As the business became more global, the list of potential customers has become larger and more diverse. Identifying prospective customers (those with a need, desire, ability, and authority to make a purchase of your products) is a daunting task. In some industries, this is manageable because prospects are few, centralized, or large. In other industries where thousands of diverse, small prospects exist, identifying them is a costly, time-consuming problem.
Instead of identifying prospects, social media marketing attempts to get them to hold up their hands; to identify themselves as prospects.
Now, instead of using the sales force to pour over hundreds or thousands of entries in a company database (such as Dun and Bradstreet) looking for likely candidates, a company can reach to social media users who’ve shown some interest in the types of products the company sells or who work in certain industries, this works especially well on LinkedIn where conversations are more business-oriented and groups exist that focus on specific topics.
Positioning involves not only stressing particular elements from among a benefits list but segmenting consumers (in this case businesses) who share certain priorities, then changing the message to conform to their priorities.
Because social media marketing can selectively reach certain groups of users, a capability that is often muted in traditional media, it’s perfect for developing a positioning that resonates with a specific target audience.
Ultimately, customers don’t buy from companies, they buy from people.
Using social interactions is a way to build trust between buyers and sellers, which is critical for making the sale. Communication across social platforms also helps erase misunderstandings, provides support, and acts to bind the buyer and seller more closely.
Social media is such a powerful tool for lead nurturing that CRM (customer relationship marketing) software, such as Salesforce, embed social media into their programs. Hence, as part of other information available about a prospect, the software contains live links to the prospect’s social platforms. A salesperson can view the prospect’s profile to learn more about them, build a relationship through shared interests, and learn about important elements in the prospect’s life, such as marriage or the birth of a child.
B2B Social Media Marketing – Differences
Looking at this great infographic [following this post] from Marketo suggests some major differences in successful B2B social media marketing strategy.
1. Importance of your blog
I’m a huge believer in a blog as the cornerstone of your social media marketing strategy for almost any business, but, in B2B social media marketing, a blog is even more important. That’s because a blog gives you a platform for building your brand and creating your online reputation, which are necessary to sell more sophisticated B2B buyers.

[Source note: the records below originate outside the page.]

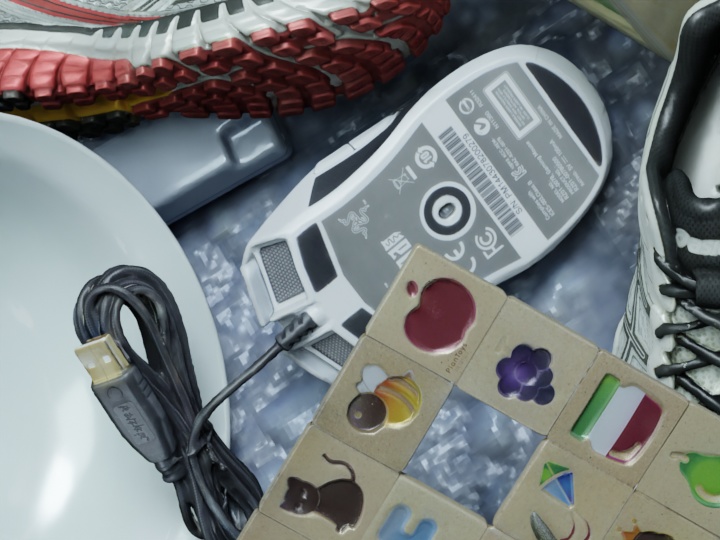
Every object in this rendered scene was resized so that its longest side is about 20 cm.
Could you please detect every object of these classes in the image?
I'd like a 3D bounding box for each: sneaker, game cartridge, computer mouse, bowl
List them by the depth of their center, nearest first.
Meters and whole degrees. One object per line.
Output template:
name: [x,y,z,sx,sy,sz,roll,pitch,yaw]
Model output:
sneaker: [0.111,0.005,0.906,0.075,0.088,0.202,2,82,18]
bowl: [-0.148,0.051,0.949,0.090,0.200,0.203,-10,73,49]
computer mouse: [0.000,0.000,0.956,0.200,0.044,0.110,-38,105,-6]
sneaker: [-0.065,-0.097,0.960,0.199,0.078,0.083,-4,77,19]
game cartridge: [-0.120,-0.098,1.039,0.133,0.040,0.201,-27,71,9]

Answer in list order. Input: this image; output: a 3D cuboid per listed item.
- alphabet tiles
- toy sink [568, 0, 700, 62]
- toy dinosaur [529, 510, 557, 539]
alphabet tiles: [0.038,0.116,0.894,0.167,0.008,0.201,30,103,-9]
toy sink: [0.042,-0.171,0.945,0.199,0.130,0.112,34,92,22]
toy dinosaur: [0.036,0.179,0.866,0.102,0.077,0.202,-5,92,35]
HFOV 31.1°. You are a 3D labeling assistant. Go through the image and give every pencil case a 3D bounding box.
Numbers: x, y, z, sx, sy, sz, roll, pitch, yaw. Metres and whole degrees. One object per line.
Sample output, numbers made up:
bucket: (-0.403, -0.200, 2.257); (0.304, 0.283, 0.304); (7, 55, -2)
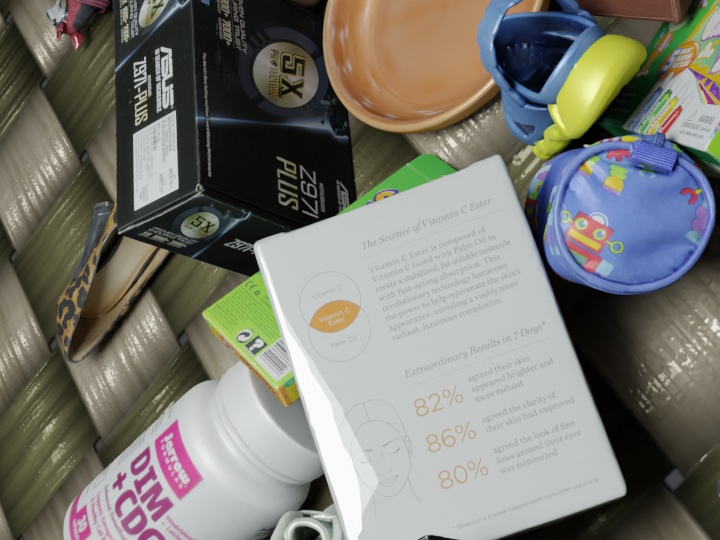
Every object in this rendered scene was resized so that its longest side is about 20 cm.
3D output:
pencil case: (0.136, -0.032, 0.709); (0.078, 0.200, 0.087); (15, 93, 2)

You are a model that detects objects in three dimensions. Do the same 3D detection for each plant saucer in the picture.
plant saucer: (0.058, -0.191, 0.929); (0.200, 0.037, 0.201); (-14, 68, 39)

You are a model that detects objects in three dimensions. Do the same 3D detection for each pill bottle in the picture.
pill bottle: (-0.108, 0.149, 0.913); (0.200, 0.113, 0.113); (-43, 52, 23)

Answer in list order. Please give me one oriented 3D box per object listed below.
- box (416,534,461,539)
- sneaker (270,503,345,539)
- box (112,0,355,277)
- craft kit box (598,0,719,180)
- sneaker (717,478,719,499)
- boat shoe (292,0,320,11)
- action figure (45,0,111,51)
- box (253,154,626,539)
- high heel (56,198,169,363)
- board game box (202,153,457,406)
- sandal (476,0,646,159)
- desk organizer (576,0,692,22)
box: (0.065, 0.236, 0.672); (0.124, 0.200, 0.149); (-34, 57, 26)
sneaker: (-0.017, 0.176, 0.785); (0.070, 0.200, 0.080); (-3, 103, 12)
box: (-0.091, -0.108, 0.948); (0.086, 0.164, 0.200); (-22, 62, 35)
craft kit box: (0.219, -0.143, 0.683); (0.198, 0.048, 0.200); (-55, 9, 5)
sneaker: (0.278, 0.118, 0.616); (0.200, 0.085, 0.078); (10, 76, 27)
boat shoe: (-0.092, -0.276, 1.072); (0.076, 0.072, 0.200); (-45, 49, 42)
action figure: (-0.250, -0.306, 1.220); (0.149, 0.134, 0.200); (5, 93, 0)
box: (0.047, 0.060, 0.746); (0.152, 0.106, 0.200); (-19, 75, 5)
high heel: (-0.185, 0.003, 1.050); (0.200, 0.071, 0.143); (-13, 61, 56)
board game box: (0.000, 0.000, 0.869); (0.200, 0.030, 0.096); (-38, 47, -13)
sandal: (0.110, -0.121, 0.767); (0.087, 0.200, 0.080); (38, 88, 3)
desk organizer: (0.185, -0.240, 0.756); (0.072, 0.077, 0.200); (12, 56, 33)
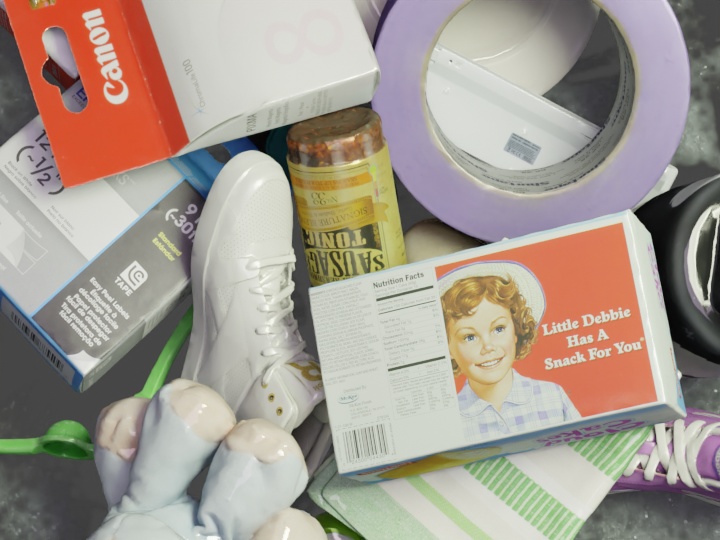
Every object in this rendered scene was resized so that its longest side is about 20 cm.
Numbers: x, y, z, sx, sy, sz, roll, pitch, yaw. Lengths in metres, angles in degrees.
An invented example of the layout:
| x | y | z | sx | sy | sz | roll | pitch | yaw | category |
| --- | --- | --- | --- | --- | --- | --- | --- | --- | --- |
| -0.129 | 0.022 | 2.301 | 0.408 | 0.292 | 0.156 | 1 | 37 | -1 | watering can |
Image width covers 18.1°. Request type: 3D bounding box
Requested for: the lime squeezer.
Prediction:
| x | y | z | sx | sy | sz | roll | pitch | yaw | category |
| --- | --- | --- | --- | --- | --- | --- | --- | --- | --- |
| -0.175 | 0.089 | 1.428 | 0.200 | 0.038 | 0.071 | -26 | 86 | -8 | lime squeezer |

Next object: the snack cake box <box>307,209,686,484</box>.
| x | y | z | sx | sy | sz | roll | pitch | yaw | category |
| --- | --- | --- | --- | --- | --- | --- | --- | --- | --- |
| 0.079 | 0.047 | 1.318 | 0.199 | 0.067 | 0.115 | -13 | 75 | 16 | snack cake box |

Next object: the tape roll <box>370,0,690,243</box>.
| x | y | z | sx | sy | sz | roll | pitch | yaw | category |
| --- | --- | --- | --- | --- | --- | --- | --- | --- | --- |
| 0.105 | -0.121 | 1.431 | 0.199 | 0.085 | 0.201 | 0 | 103 | 0 | tape roll |

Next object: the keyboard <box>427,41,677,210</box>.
| x | y | z | sx | sy | sz | roll | pitch | yaw | category |
| --- | --- | --- | --- | --- | --- | --- | --- | --- | --- |
| 0.110 | -0.087 | 1.486 | 0.200 | 0.011 | 0.056 | 27 | 101 | -5 | keyboard |

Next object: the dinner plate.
| x | y | z | sx | sy | sz | roll | pitch | yaw | category |
| --- | --- | --- | --- | --- | --- | --- | --- | --- | --- |
| 0.066 | -0.201 | 1.501 | 0.199 | 0.024 | 0.201 | 1 | 81 | -6 | dinner plate |

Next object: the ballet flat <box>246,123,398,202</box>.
| x | y | z | sx | sy | sz | roll | pitch | yaw | category |
| --- | --- | --- | --- | --- | --- | --- | --- | --- | --- |
| -0.050 | -0.109 | 1.451 | 0.200 | 0.073 | 0.073 | 35 | 80 | -4 | ballet flat |

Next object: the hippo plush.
| x | y | z | sx | sy | sz | roll | pitch | yaw | category |
| --- | --- | --- | --- | --- | --- | --- | --- | --- | --- |
| -0.137 | 0.161 | 1.313 | 0.200 | 0.161 | 0.160 | -31 | 87 | 34 | hippo plush |

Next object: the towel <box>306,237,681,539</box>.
| x | y | z | sx | sy | sz | roll | pitch | yaw | category |
| --- | --- | --- | --- | --- | --- | --- | --- | --- | --- |
| 0.080 | 0.099 | 1.355 | 0.152 | 0.023 | 0.200 | 38 | 92 | 21 | towel |

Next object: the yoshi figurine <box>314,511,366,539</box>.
| x | y | z | sx | sy | sz | roll | pitch | yaw | category |
| --- | --- | --- | --- | --- | --- | --- | --- | --- | --- |
| 0.032 | 0.236 | 1.399 | 0.200 | 0.112 | 0.113 | 38 | 87 | 3 | yoshi figurine |

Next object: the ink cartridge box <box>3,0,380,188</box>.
| x | y | z | sx | sy | sz | roll | pitch | yaw | category |
| --- | --- | --- | --- | --- | --- | --- | --- | --- | --- |
| -0.107 | -0.153 | 1.382 | 0.199 | 0.057 | 0.163 | -15 | 68 | -14 | ink cartridge box |

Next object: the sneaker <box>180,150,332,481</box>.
| x | y | z | sx | sy | sz | roll | pitch | yaw | category |
| --- | --- | --- | --- | --- | --- | --- | --- | --- | --- |
| -0.048 | 0.036 | 1.377 | 0.074 | 0.115 | 0.201 | -13 | 120 | -42 | sneaker |

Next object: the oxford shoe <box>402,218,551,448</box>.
| x | y | z | sx | sy | sz | roll | pitch | yaw | category |
| --- | --- | --- | --- | --- | --- | --- | --- | --- | --- |
| 0.084 | 0.038 | 1.420 | 0.071 | 0.074 | 0.200 | -43 | 64 | 8 | oxford shoe |

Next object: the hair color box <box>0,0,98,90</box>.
| x | y | z | sx | sy | sz | roll | pitch | yaw | category |
| --- | --- | --- | --- | --- | --- | --- | --- | --- | --- |
| -0.215 | -0.223 | 1.453 | 0.111 | 0.064 | 0.200 | -44 | 90 | -10 | hair color box |

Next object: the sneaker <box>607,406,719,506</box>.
| x | y | z | sx | sy | sz | roll | pitch | yaw | category |
| --- | --- | --- | --- | --- | --- | --- | --- | --- | --- |
| 0.192 | 0.109 | 1.428 | 0.200 | 0.114 | 0.073 | 6 | 83 | -4 | sneaker |

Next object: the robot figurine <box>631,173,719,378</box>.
| x | y | z | sx | sy | sz | roll | pitch | yaw | category |
| --- | --- | --- | --- | --- | --- | --- | --- | --- | --- |
| 0.224 | 0.006 | 1.400 | 0.125 | 0.200 | 0.150 | -42 | 97 | -17 | robot figurine |

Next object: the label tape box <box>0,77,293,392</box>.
| x | y | z | sx | sy | sz | roll | pitch | yaw | category |
| --- | --- | --- | --- | --- | --- | --- | --- | --- | --- |
| -0.152 | -0.044 | 1.426 | 0.200 | 0.066 | 0.143 | -43 | 86 | -14 | label tape box |

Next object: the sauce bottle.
| x | y | z | sx | sy | sz | roll | pitch | yaw | category |
| --- | --- | --- | --- | --- | --- | --- | --- | --- | --- |
| 0.000 | 0.000 | 1.411 | 0.066 | 0.066 | 0.201 | -15 | 112 | -8 | sauce bottle |
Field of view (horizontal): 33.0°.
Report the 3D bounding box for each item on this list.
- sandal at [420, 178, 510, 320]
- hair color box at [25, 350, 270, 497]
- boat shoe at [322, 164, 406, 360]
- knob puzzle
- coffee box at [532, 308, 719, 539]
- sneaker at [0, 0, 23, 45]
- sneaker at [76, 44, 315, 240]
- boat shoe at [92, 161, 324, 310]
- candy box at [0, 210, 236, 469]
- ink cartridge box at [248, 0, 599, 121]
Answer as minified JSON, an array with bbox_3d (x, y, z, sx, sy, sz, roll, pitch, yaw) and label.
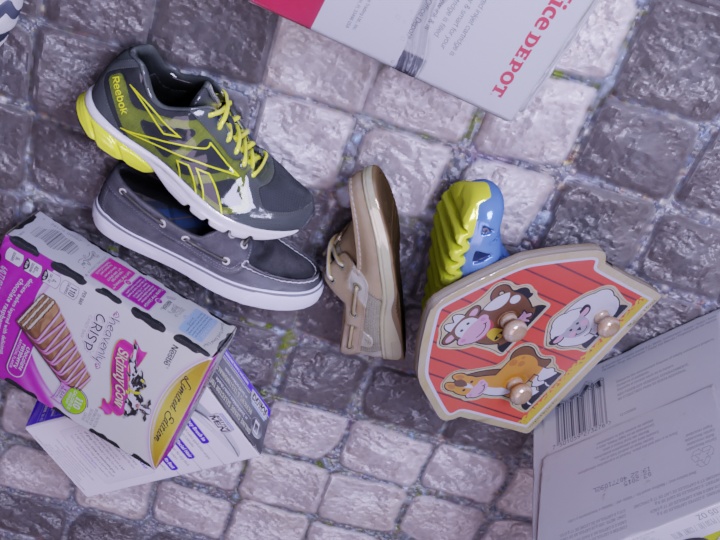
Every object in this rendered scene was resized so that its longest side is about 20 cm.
[{"bbox_3d":[0.098,0.005,0.984,0.087,0.080,0.200,1,138,-3],"label":"sandal"},{"bbox_3d":[-0.199,0.140,1.147,0.200,0.065,0.109,-15,127,22],"label":"hair color box"},{"bbox_3d":[0.000,0.000,0.991,0.065,0.072,0.200,-1,136,6],"label":"boat shoe"},{"bbox_3d":[0.129,0.058,0.976,0.219,0.030,0.220,-14,136,-14],"label":"knob puzzle"},{"bbox_3d":[0.281,0.195,1.033,0.200,0.200,0.198,-29,122,30],"label":"coffee box"},{"bbox_3d":[-0.352,-0.190,0.866,0.199,0.080,0.130,18,123,-21],"label":"sneaker"},{"bbox_3d":[-0.115,-0.095,0.920,0.200,0.075,0.085,29,128,-16],"label":"sneaker"},{"bbox_3d":[-0.117,-0.033,0.985,0.200,0.070,0.066,25,132,-4],"label":"boat shoe"},{"bbox_3d":[-0.224,0.060,1.035,0.200,0.061,0.136,30,118,1],"label":"candy box"},{"bbox_3d":[0.049,-0.208,0.790,0.200,0.083,0.145,23,130,-12],"label":"ink cartridge box"}]
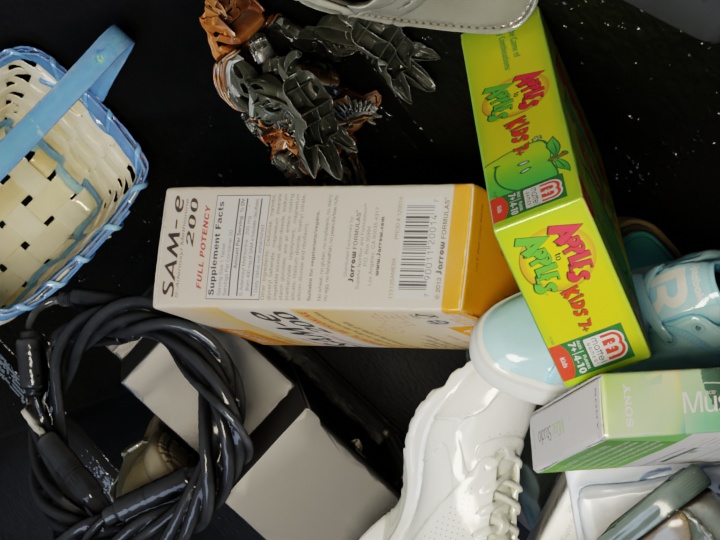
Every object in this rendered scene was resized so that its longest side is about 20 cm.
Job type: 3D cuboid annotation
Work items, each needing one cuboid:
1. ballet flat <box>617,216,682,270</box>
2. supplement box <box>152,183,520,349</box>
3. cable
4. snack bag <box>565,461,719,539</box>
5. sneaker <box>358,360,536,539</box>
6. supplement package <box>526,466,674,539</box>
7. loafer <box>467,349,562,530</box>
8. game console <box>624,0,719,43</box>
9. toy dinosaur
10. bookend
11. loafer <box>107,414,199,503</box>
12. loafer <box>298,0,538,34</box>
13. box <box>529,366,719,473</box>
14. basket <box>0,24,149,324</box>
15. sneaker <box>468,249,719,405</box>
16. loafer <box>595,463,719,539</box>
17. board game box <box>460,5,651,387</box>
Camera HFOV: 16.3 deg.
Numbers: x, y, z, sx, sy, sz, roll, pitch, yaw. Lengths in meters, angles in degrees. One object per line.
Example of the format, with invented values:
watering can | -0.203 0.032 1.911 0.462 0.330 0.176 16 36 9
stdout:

While Facebook and Twitter dominate in B2C marketing, LinkedIn holds a big share of marketing mind share in B2B social media marketing. And, Google+ is breaking into the B2B social media marketing world since they introduced business pages. Pinterest, Slideshare, and local review sites such as Google Local and Foursquare are also important in the B2B social media marketing scene.
3. CRM integration
Because B2B social media marketing efforts are often driven by a search for leads rather than online sales, integrating your B2B social media marketing efforts with CRM software such as Salesforce.com is an important consideration.